— MATERIAL SUPPLIED —
Content starts

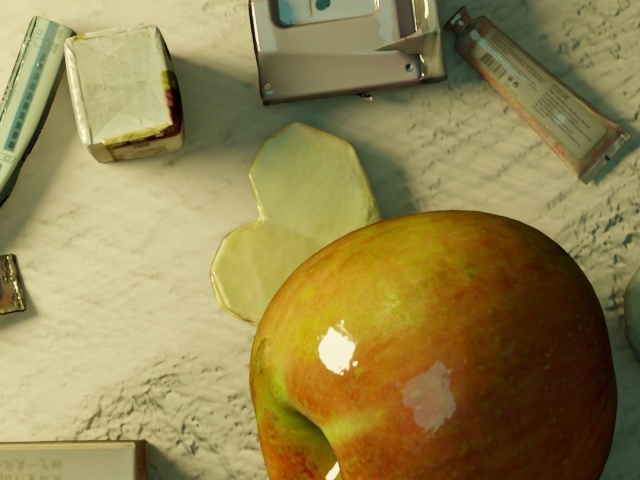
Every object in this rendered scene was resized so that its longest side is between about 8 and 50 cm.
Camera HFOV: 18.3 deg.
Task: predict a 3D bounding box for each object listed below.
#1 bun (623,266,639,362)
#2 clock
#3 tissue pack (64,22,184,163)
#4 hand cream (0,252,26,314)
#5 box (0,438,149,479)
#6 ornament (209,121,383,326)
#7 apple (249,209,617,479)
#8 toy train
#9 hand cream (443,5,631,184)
[{"bbox_3d":[0.352,0.072,1.912,0.141,0.083,0.141,1,84,-11],"label":"bun"},{"bbox_3d":[0.018,-0.259,1.928,0.186,0.083,0.253,-8,86,-1],"label":"clock"},{"bbox_3d":[-0.183,-0.137,1.883,0.099,0.148,0.106,-10,87,-2],"label":"tissue pack"},{"bbox_3d":[-0.369,0.059,1.923,0.163,0.039,0.062,-16,70,-4],"label":"hand cream"},{"bbox_3d":[-0.345,0.211,1.827,0.365,0.204,0.051,-1,85,-1],"label":"box"},{"bbox_3d":[0.000,0.000,1.924,0.180,0.059,0.201,23,84,-2],"label":"ornament"},{"bbox_3d":[0.106,0.139,1.783,0.340,0.339,0.339,0,86,-1],"label":"apple"},{"bbox_3d":[-0.300,-0.092,1.928,0.048,0.055,0.252,20,86,-9],"label":"toy train"},{"bbox_3d":[0.207,-0.149,1.947,0.210,0.043,0.067,43,88,-3],"label":"hand cream"}]
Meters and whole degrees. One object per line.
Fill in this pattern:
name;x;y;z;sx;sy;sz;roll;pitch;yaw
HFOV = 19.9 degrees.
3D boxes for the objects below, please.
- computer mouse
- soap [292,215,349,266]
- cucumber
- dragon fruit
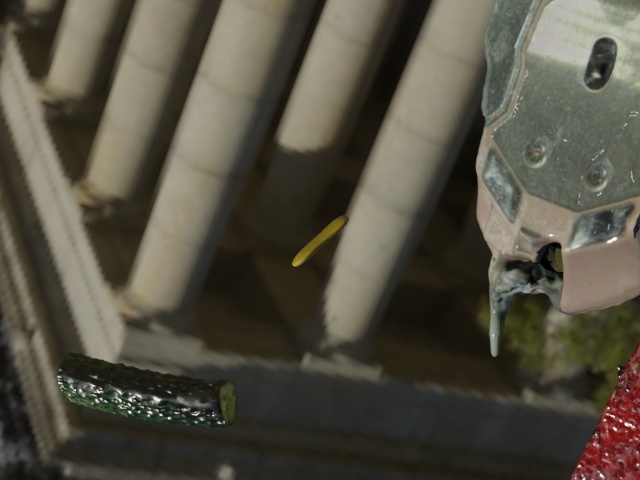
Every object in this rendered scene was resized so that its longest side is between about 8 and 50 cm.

Content ends

— EXERCISE DETAILS —
The expected output is the material above, repeated exactly and free of pictures.

— RESPONSE AREA —
Every object in this rendered scene was resized so that its longest side is between about 8 and 50 cm.
Camera HFOV: 18.3 deg.
Task: predict a 3D bounding box for each object listed below.
#1 bun (623,266,639,362)
#2 clock
#3 tissue pack (64,22,184,163)
#4 hand cream (0,252,26,314)
#5 box (0,438,149,479)
#6 ornament (209,121,383,326)
#7 apple (249,209,617,479)
#8 toy train
#9 hand cream (443,5,631,184)
[{"bbox_3d":[0.352,0.072,1.912,0.141,0.083,0.141,1,84,-11],"label":"bun"},{"bbox_3d":[0.018,-0.259,1.928,0.186,0.083,0.253,-8,86,-1],"label":"clock"},{"bbox_3d":[-0.183,-0.137,1.883,0.099,0.148,0.106,-10,87,-2],"label":"tissue pack"},{"bbox_3d":[-0.369,0.059,1.923,0.163,0.039,0.062,-16,70,-4],"label":"hand cream"},{"bbox_3d":[-0.345,0.211,1.827,0.365,0.204,0.051,-1,85,-1],"label":"box"},{"bbox_3d":[0.000,0.000,1.924,0.180,0.059,0.201,23,84,-2],"label":"ornament"},{"bbox_3d":[0.106,0.139,1.783,0.340,0.339,0.339,0,86,-1],"label":"apple"},{"bbox_3d":[-0.300,-0.092,1.928,0.048,0.055,0.252,20,86,-9],"label":"toy train"},{"bbox_3d":[0.207,-0.149,1.947,0.210,0.043,0.067,43,88,-3],"label":"hand cream"}]
Meters and whole degrees. One object per line.
Fill in this pattern:
name;x;y;z;sx;sy;sz;roll;pitch;yaw
HFOV = 19.9 degrees.
3D boxes for the objects below, please.
- computer mouse
- soap [292,215,349,266]
- cucumber
- dragon fruit
Every object in this rendered scene was resized so that its longest side is between about 8 and 50 cm.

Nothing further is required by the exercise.